The organizational and architectural changes Gomez described point toward the same conclusion: simplify the stack, and be deliberate about where complexity lives. He suggested enterprises move away from rigid ETL pipelines toward intelligent orchestration capable of supporting agents across multiple systems. That simplification starts with rethinking the relationship between storage and the model. But a leaner stack does not resolve the accountability question. It sharpens it.

  • Just the lake: Former Snowflake CEO Bob Muglia put it plainly: a data lake and an LLM is all you need. Gomez said the framing resonated. "He didn't even say lakehouse. He just said a lake. It makes complete sense," he said. "Anthropic is already executing on this. They just released 13 agents for financial services that will handle everything from KYC to compliance." For CDAOs, the shift in data architecture is already reshaping how they structure their roadmaps.

  • The dotted line: As the stack compresses, Gomez said the internal battles over tooling and ownership will matter less.

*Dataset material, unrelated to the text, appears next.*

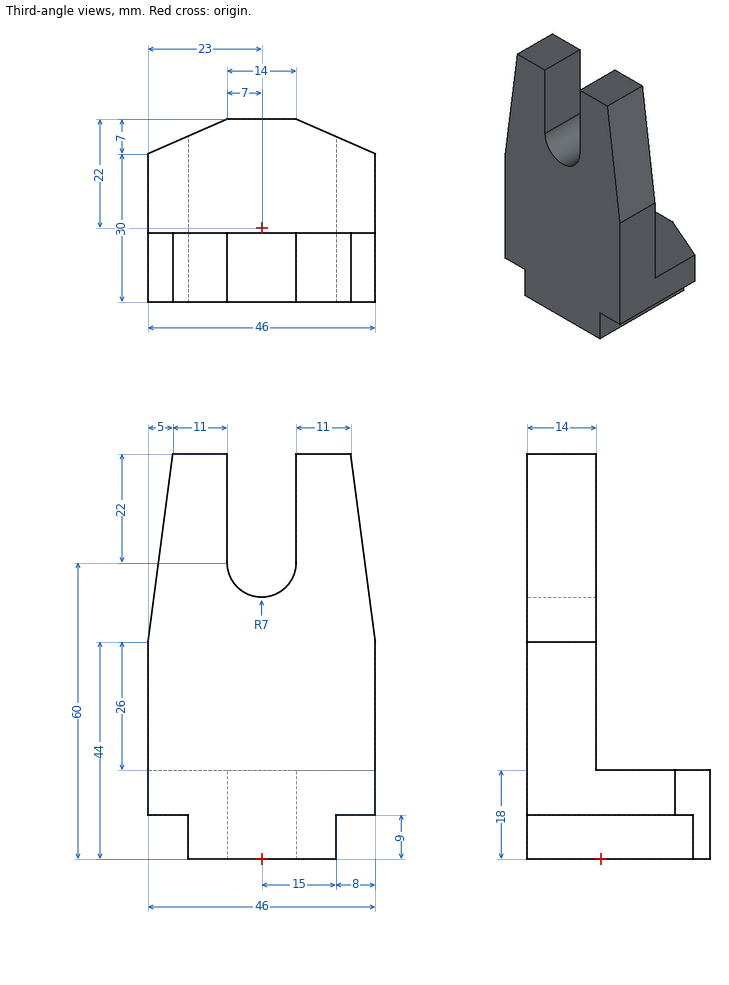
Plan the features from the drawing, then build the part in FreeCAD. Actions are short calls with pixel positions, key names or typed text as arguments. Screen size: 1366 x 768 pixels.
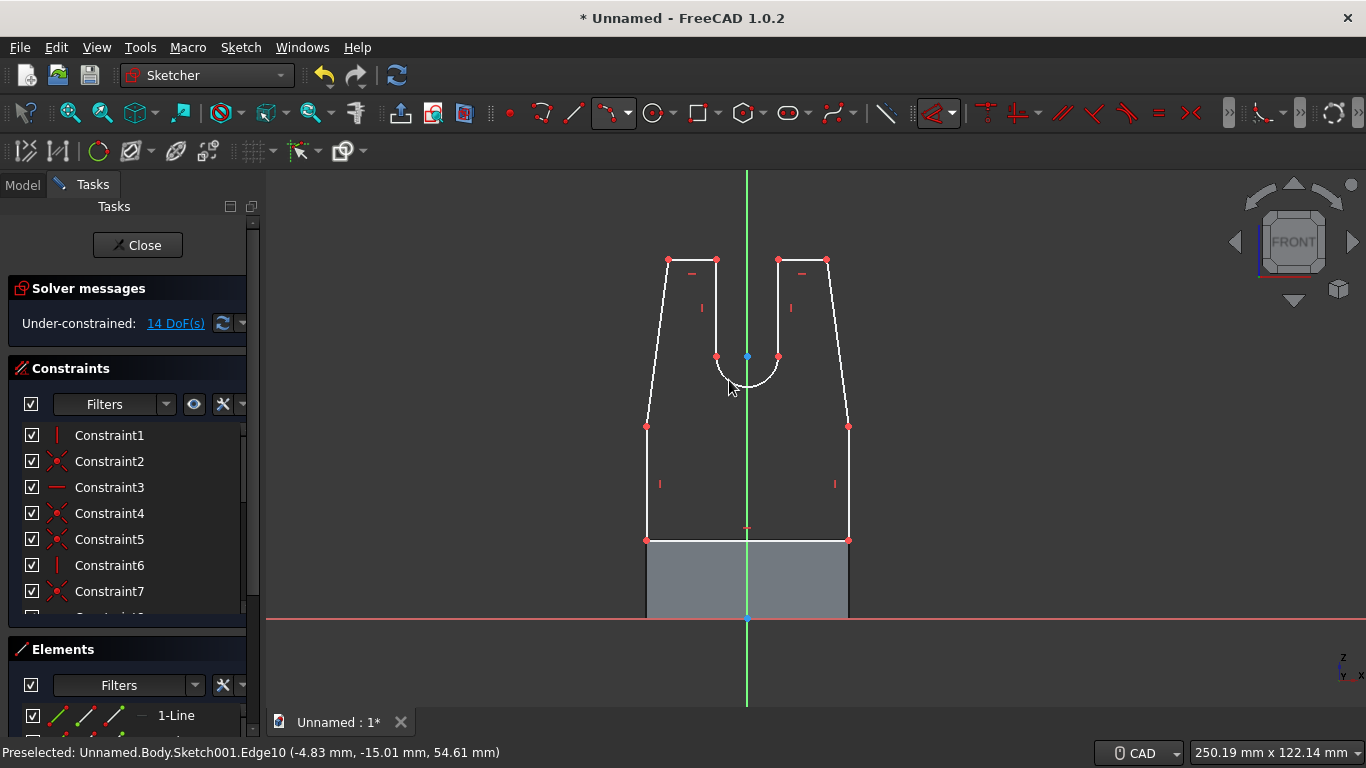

What replaces them is a harder standard: organizations that build on governed platforms will need to put their name on what the AI actually does. "Governance is not security. Just because you have governance doesn't mean you are secure," he said. "Ultimately, the internal battles will not matter anymore. The focus is going to shift entirely to assurance. It will come down to companies explicitly putting their corporate name on the AI's actions."

The decisions CIOs make now about data architecture will determine how much runway they have when agentic AI moves from experiment to operation. Analyst research bears that out: enterprises with successful AI programs invest up to four times more in data and analytics foundations than their peers. The organizations falling behind are not short on technology. They are short on the people and authority structures to use it well.

That is the mandate Gomez left on the table. The stack will compress, the frameworks will consolidate, and the tooling decisions that feel urgent today will be made by the platform providers. What will not be decided for CIOs is who owns the data, who has the authority to act on it, and whether the org chart reflects that reality. As organizations develop their agentic AI strategy, those structural questions will determine who is ready to move and who is not. "If you don't look at the world that way, you'll be fooled into doing things that won't last," he said.